What is the derivative of y=arctan(4/x)?

[xxclaymanxx]

derivative of: y=arctan(4/x)!

This seems like it should be a very SIMPLE problem, but it has been bugging me for about 2 hours straight now, and I can't figure it out! Would really appreciate some quick help...

This is what I've done so far:

y'= -4/x^2 / (16/x^2 +1)

I don't know if this is the right answer? And I am having problems simplifying this any further. Please help :P

 

[Dick]

That's fine. Now use algebra. (a/b)/c=a/(b*c).

 

[rock.freak667]

Yes that is correct.But you can simply further by multiply both the numerator and denominator by x^2

EDIT: ahh beaten

 

[Dick]

Yes that is correct.But you can simply further by multiply both the numerator and denominator by x^2

EDIT: ahh beaten

It's not a race. Good advice is best given in large quantities. I made that aphorism up just now. :)

 

[xxclaymanxx]

Ok great thanks,

Now for this next part, I guess the thing that is throwing me off is the +1 hanging off the denominator.

So, following these steps, I would come out with:

-4/16 + x^2

...

which I could then reduce further to:

-1/4+x^2

Would that make sense?

 

[Dick]

You should really review some algebra. Yes, to -4/(16+x^2). A big thumbs down to -1/4+x^2. They aren't at all the same, are they? And use more parentheses to group terms, ok?

 

[xxclaymanxx]

Yah, I think I do need some algebra review.

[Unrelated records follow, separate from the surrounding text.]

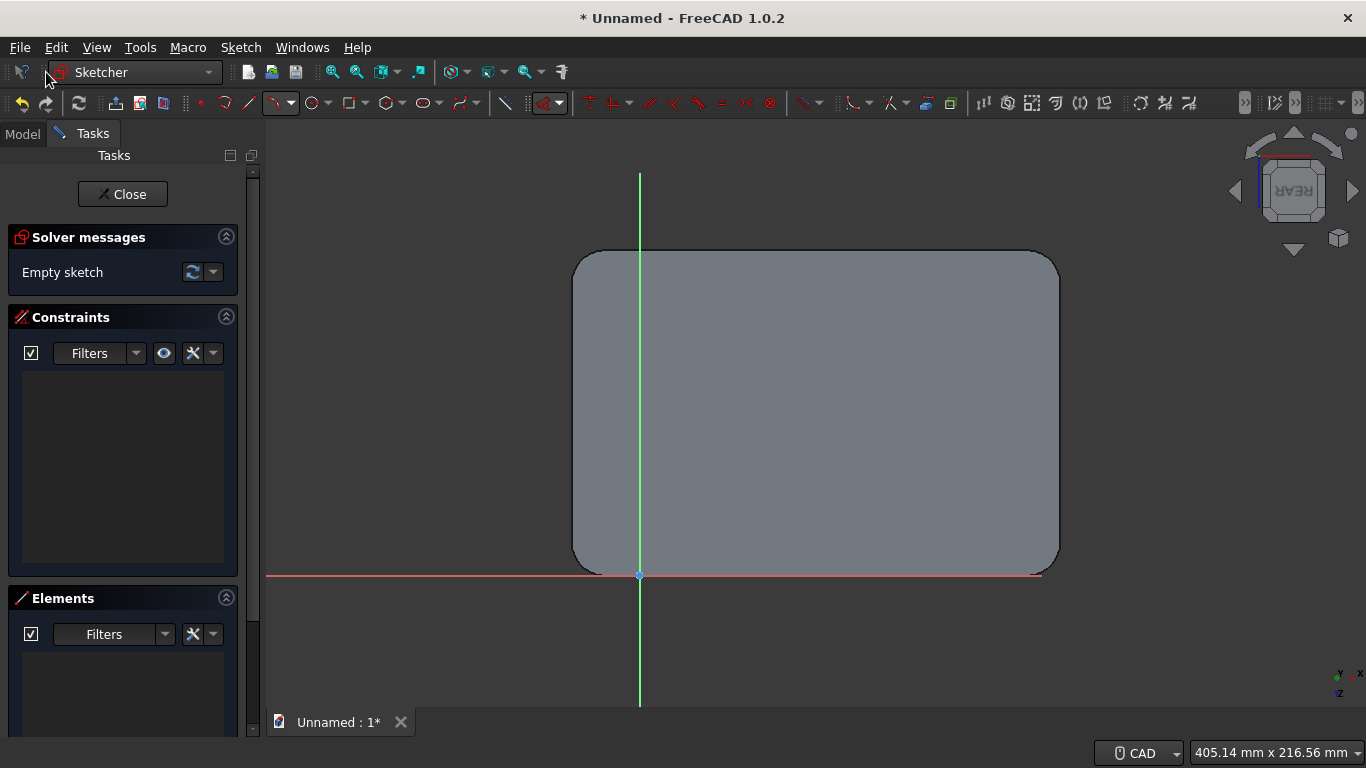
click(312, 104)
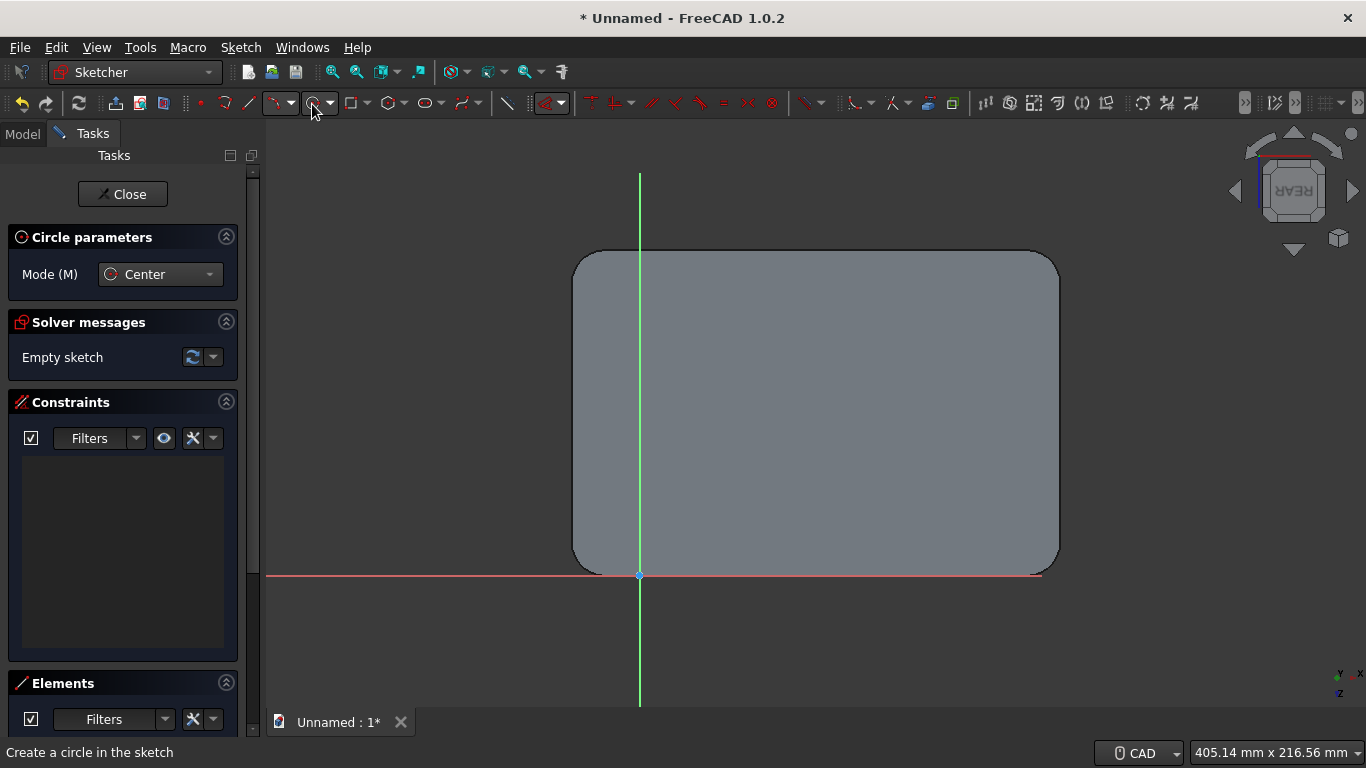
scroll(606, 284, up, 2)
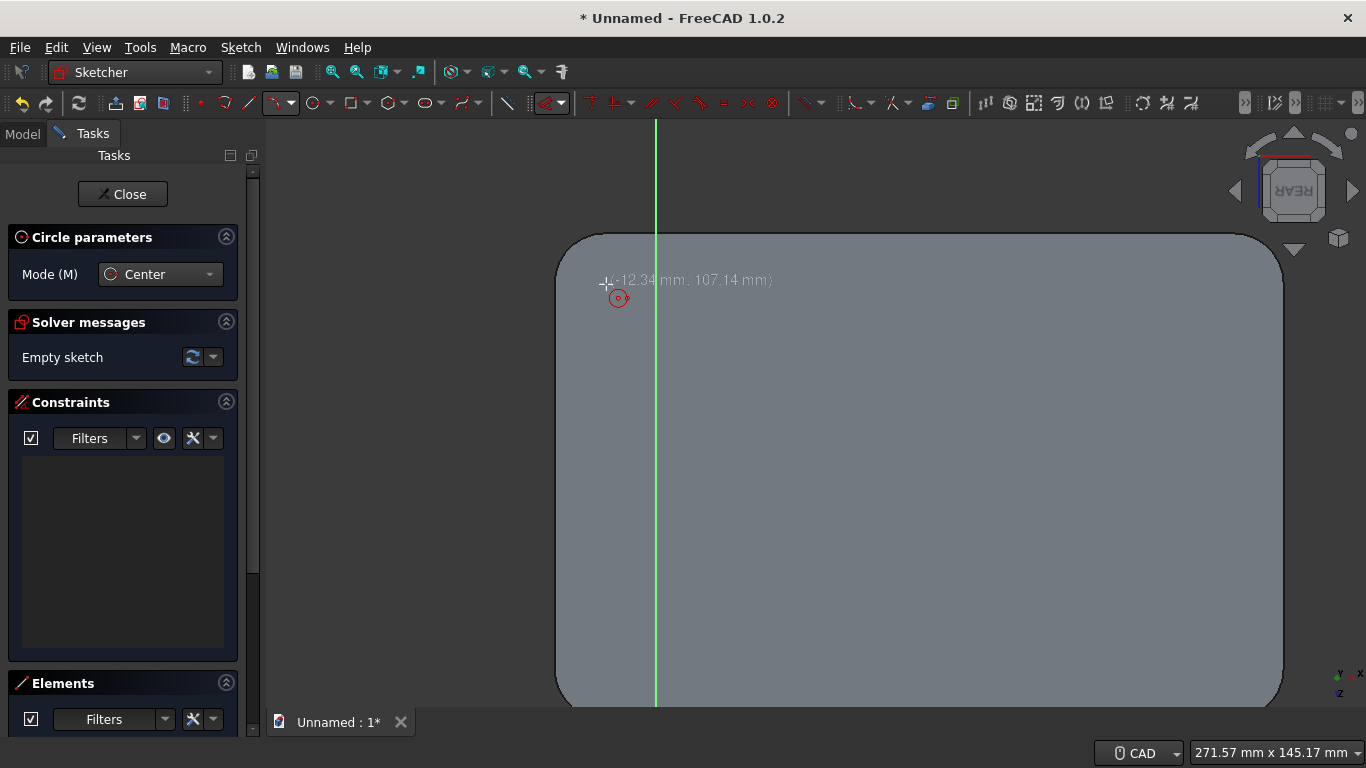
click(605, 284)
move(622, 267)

That was a really simple error I just made, and this problem took me WAY too long to figure out.

Thanks a lot for the quick responses...I just signed up for these forums, and hoped that I would be able to get a respone within the hour, but you sure beat that!

Regarding the question, -4/(16+x^2) has been reduced, and I will leave it like this, which I think is the correct answer. So thanks again guys!